Write every record below out exactly; no images.

Source records ▸
..............................

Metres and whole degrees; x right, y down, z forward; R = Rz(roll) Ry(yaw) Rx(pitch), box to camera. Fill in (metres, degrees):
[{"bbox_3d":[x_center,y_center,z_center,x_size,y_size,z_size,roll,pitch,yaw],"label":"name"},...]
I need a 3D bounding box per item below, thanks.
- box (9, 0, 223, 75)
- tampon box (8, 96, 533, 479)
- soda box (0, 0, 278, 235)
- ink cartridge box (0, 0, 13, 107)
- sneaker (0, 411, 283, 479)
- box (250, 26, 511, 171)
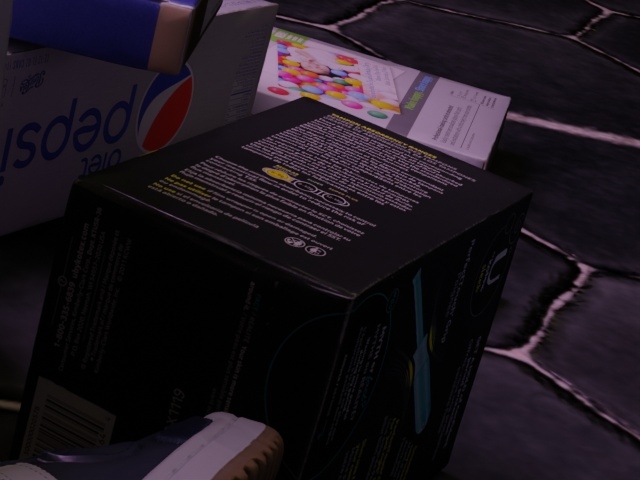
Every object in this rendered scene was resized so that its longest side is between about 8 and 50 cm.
[{"bbox_3d":[-0.157,-0.128,0.835,0.225,0.036,0.136,15,20,0],"label":"box"},{"bbox_3d":[-0.013,0.033,0.660,0.101,0.120,0.161,24,21,20],"label":"tampon box"},{"bbox_3d":[-0.137,-0.070,0.882,0.098,0.091,0.286,23,22,22],"label":"soda box"},{"bbox_3d":[-0.182,-0.096,0.580,0.121,0.289,0.211,21,37,9],"label":"ink cartridge box"},{"bbox_3d":[-0.118,0.092,0.462,0.153,0.099,0.282,22,24,12],"label":"sneaker"},{"bbox_3d":[0.009,-0.075,1.081,0.186,0.038,0.145,17,20,6],"label":"box"}]

..............................

Response to the exercise ▸
Metres and whole degrees; x right, y down, z forward; R = Rz(roll) Ry(yaw) Rx(pitch), box to camera. Fill in (metres, degrees):
[{"bbox_3d":[x_center,y_center,z_center,x_size,y_size,z_size,roll,pitch,yaw],"label":"name"},...]
I need a 3D bounding box per item below, thanks.
- box (9, 0, 223, 75)
- tampon box (8, 96, 533, 479)
- soda box (0, 0, 278, 235)
- ink cartridge box (0, 0, 13, 107)
- sneaker (0, 411, 283, 479)
- box (250, 26, 511, 171)
Every object in this rendered scene was resized so that its longest side is between about 8 and 50 cm.
[{"bbox_3d":[-0.157,-0.128,0.835,0.225,0.036,0.136,15,20,0],"label":"box"},{"bbox_3d":[-0.013,0.033,0.660,0.101,0.120,0.161,24,21,20],"label":"tampon box"},{"bbox_3d":[-0.137,-0.070,0.882,0.098,0.091,0.286,23,22,22],"label":"soda box"},{"bbox_3d":[-0.182,-0.096,0.580,0.121,0.289,0.211,21,37,9],"label":"ink cartridge box"},{"bbox_3d":[-0.118,0.092,0.462,0.153,0.099,0.282,22,24,12],"label":"sneaker"},{"bbox_3d":[0.009,-0.075,1.081,0.186,0.038,0.145,17,20,6],"label":"box"}]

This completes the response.